In the diagram, we see one aspect on how we can increase stem cell numbers in some of our procedures in a safe and efficient way. We are constantly looking for ways to increase the stem cell output from the bone marrow. We know all too well that most of the regenerative cells that we inject into the joint typically survive for only a short period of time. Their release of growth factors is what gives the various signals for more cells to visit the area or, just as importantly, for some of the neighboring cells to help accomplish repair. It becomes a numbers game. The more cells we have in circulation the better chance we have to achieve success. Now, if we are able to find a medication that can increase stem cell numbers and at the same time have an effect on the health of the cartilage than we have something special. Parathyroid hormone (PTH) may be just the ticket.
For a number of years now we have been using a clone of Parathyroid hormone (PTH). Another PTH clone is known as Forteo. Forteo is used in the treatment of Osteoporosis. We are actually using another analog clone of PTH which has given us considerable cost savings and at the same time may work better. We first started using PTH as a stimulator of Very Small Embryonic Like Stem Cells (you can read about these cells on a previous blog). There is still some controversy to these cells but that controversy is on the wane. There is a receptor on the V cell surface that seems to stimulate these cells when the PTH binds to the cell membrane. It appeared to activate these V cells.
When we investigated PTH we were very intrigued by a number of scientific articles that show PTH can have some interesting effects on articular cartilage. The Univ. of Rochester is studying PTH for its ability to inhibit chondrocyte hypertrophy and induce cartilage matrix production. Chondrocyte hypertrophy is the beginning of the death spiral for chondrocytes which produce and maintain cartilage. Chondrocyte hypertrophy-like changes play a role in early and late stage Osteoarthritis (OA). Since not all cells in an OA joint are synchronized in their stage of the cell cycle, inhibition of hypertrophy-like changes might be a therapeutic target to slow down further OA progression.
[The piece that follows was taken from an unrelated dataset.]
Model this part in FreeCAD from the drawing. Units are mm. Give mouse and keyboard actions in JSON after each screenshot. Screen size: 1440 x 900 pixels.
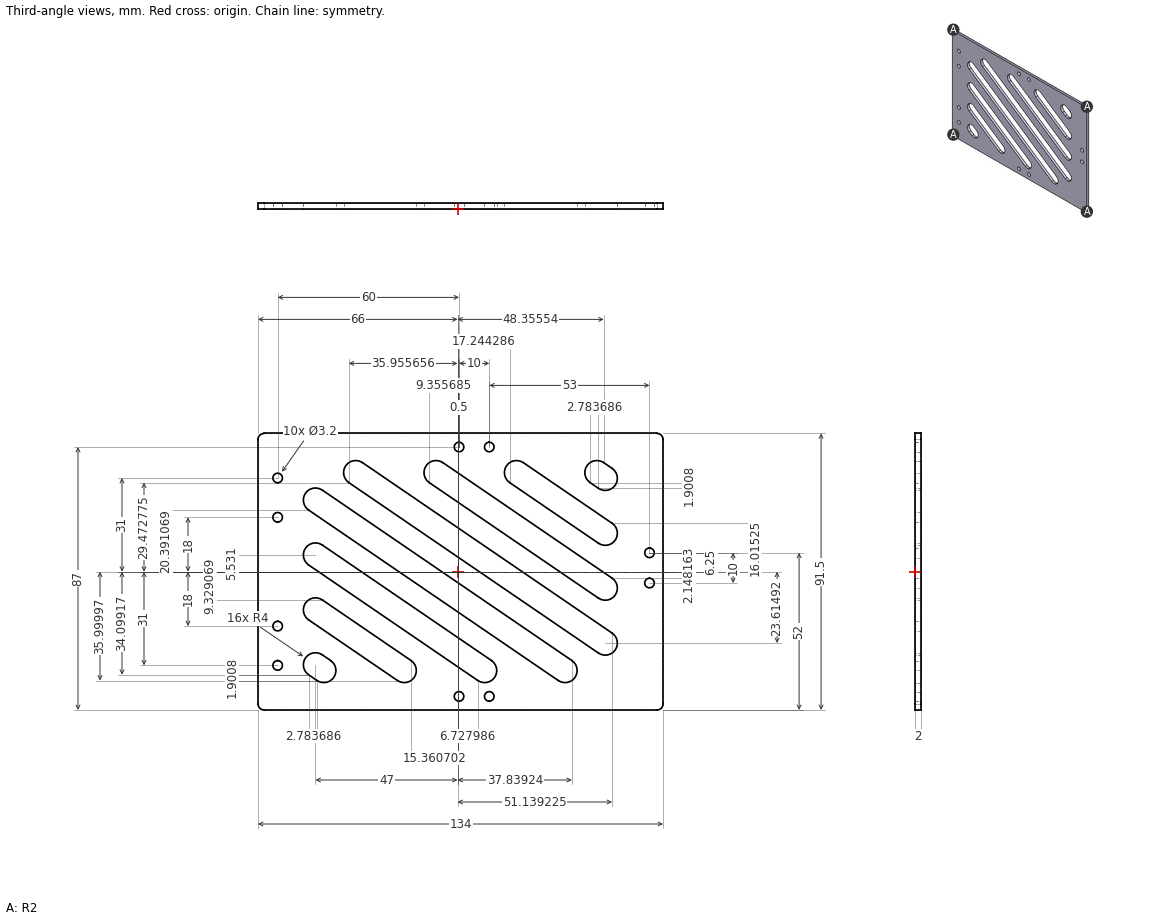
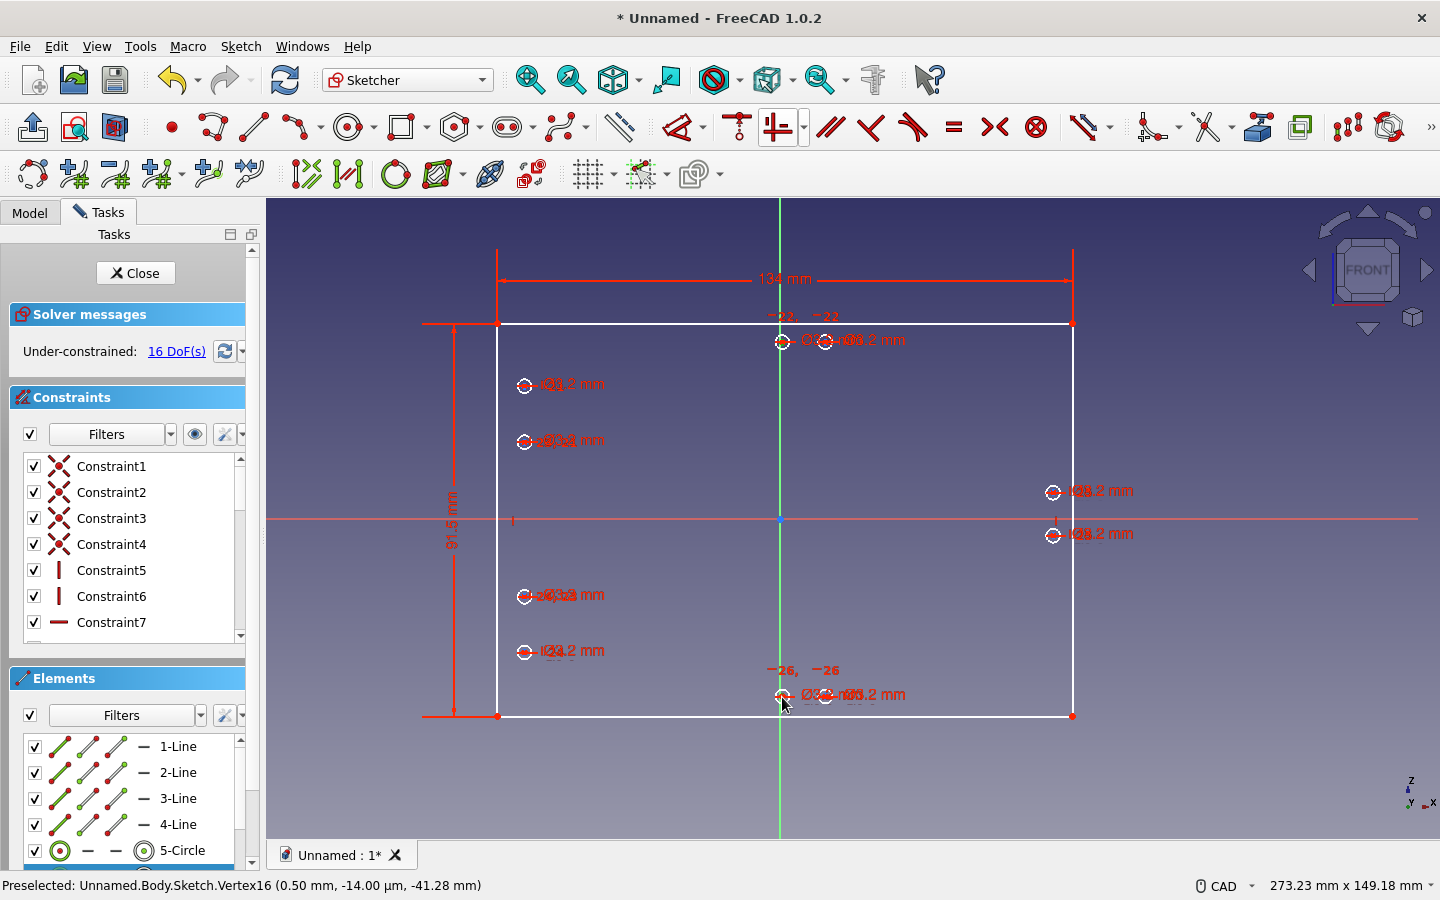
{"action": "left_click", "coordinate": [364, 519]}
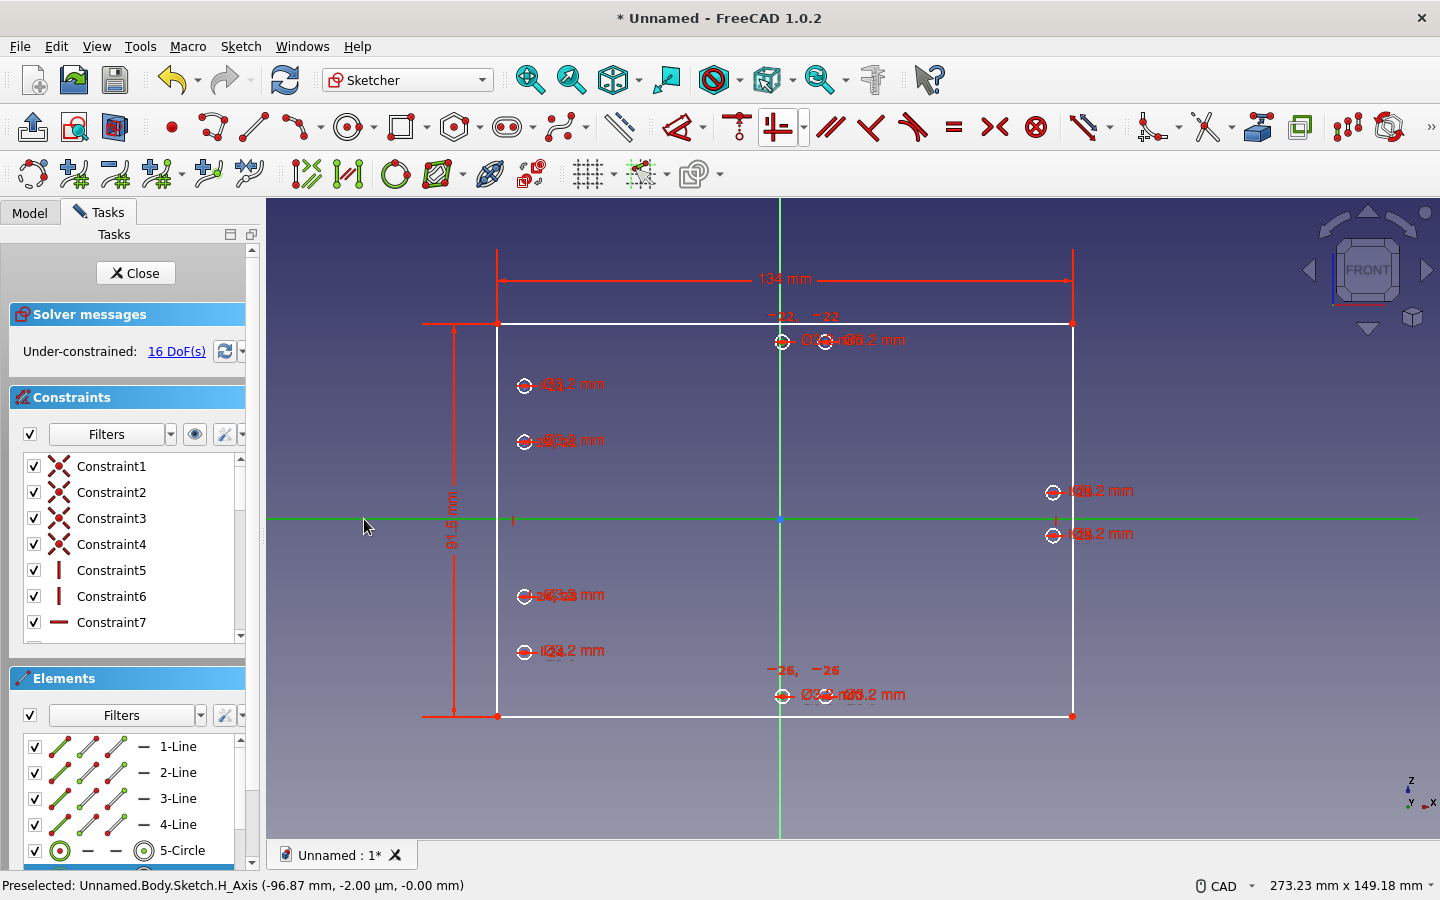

There are a number of studies that show that PTH is chondro-regenerative. There were many preclinical findings providing proof-of-concept that (PTH) may be useful for decelerating cartilage degeneration and inducing matrix regeneration in osteoarthritis patients. In addition to bone as a target, signaling downstream of the type I parathyroid hormone receptor (PTHR1) regulates chondrocyte differentiation. Parathyroid hormone-related peptide (PTHrP) a clone, is a potent stimulator of proliferation and collagen synthesis and suppressor of maturation. One classic article on this effect of PTH comes from the work of Dr. Eric Sampson and his group from Univ. of Rochester. They were able to show the chondro-regenerative properties of PTH. So, we can see that PTH may have some powerful effects on improving the status of articular cartilage and its underlying bone.
Another aspect of Parathyroid hormone is that it increases Prg4 expression which has been reported to inhibit articular cartilage degeneration in arthropathic joints. Lubricin is present in synovial fluid and on the surface (superficial layer) of articular cartilage and therefore plays an important role in joint lubrication and synovial homeostasis. Lubricin is the most lubricating and anti-adhesive molecule in the human body. Lubricin biosynthesis and bio distribution are mostly regulated by cytokines and growth factors. When first isolated, cartilage lubricin was called “superficial zone protein” (SZP) Lubricin, MSF, and SZP are now collectively known as Proteoglycan 4. Lubricin was originally identified as a lubricating glycoprotein present in the synovial fluid, specifically synthesized and expressed by articular chondrocytes (cells that makes cartilage) of the superficial zone. It is recognized to have a major protective role in preventing cartilage wear, synovial cell adhesion and proliferation and reducing the coefficient of friction of the articular cartilage surface. The best way to think of lubricin is that it is a very high-powered hyaluronic acid. Hyaluronic acid has been used for years as a treatment for symptomatic osteoarthritis of the knees. We are looking into getting a bioengineered form of Lubricin and Hyaluronic acid. Both Lubricin and Hyaluronic acid are more than lubricating agents. Lubricin and Hyaluronic acid as a biologically active molecules that regulates tissue repair process on multiple levels. They are signaling agents affecting many different cell processes. Hyaluronic acid (HA), one of the main components of the extracellular matrix, is considered a key player in the tissue regeneration process. It has been proven to modulate, via specific HA receptors that are located on cell membranes, inflammation, stem cell migration, and angiogenesis (formation of blood vessels). These are the main phases of healing. We typically use Hyaluronic acid in our treatment protocols. It is a very specialized form we are using. Unfortunately, many offices performing stem cell treatments do not go to this length and utilize Hyaluronic acid.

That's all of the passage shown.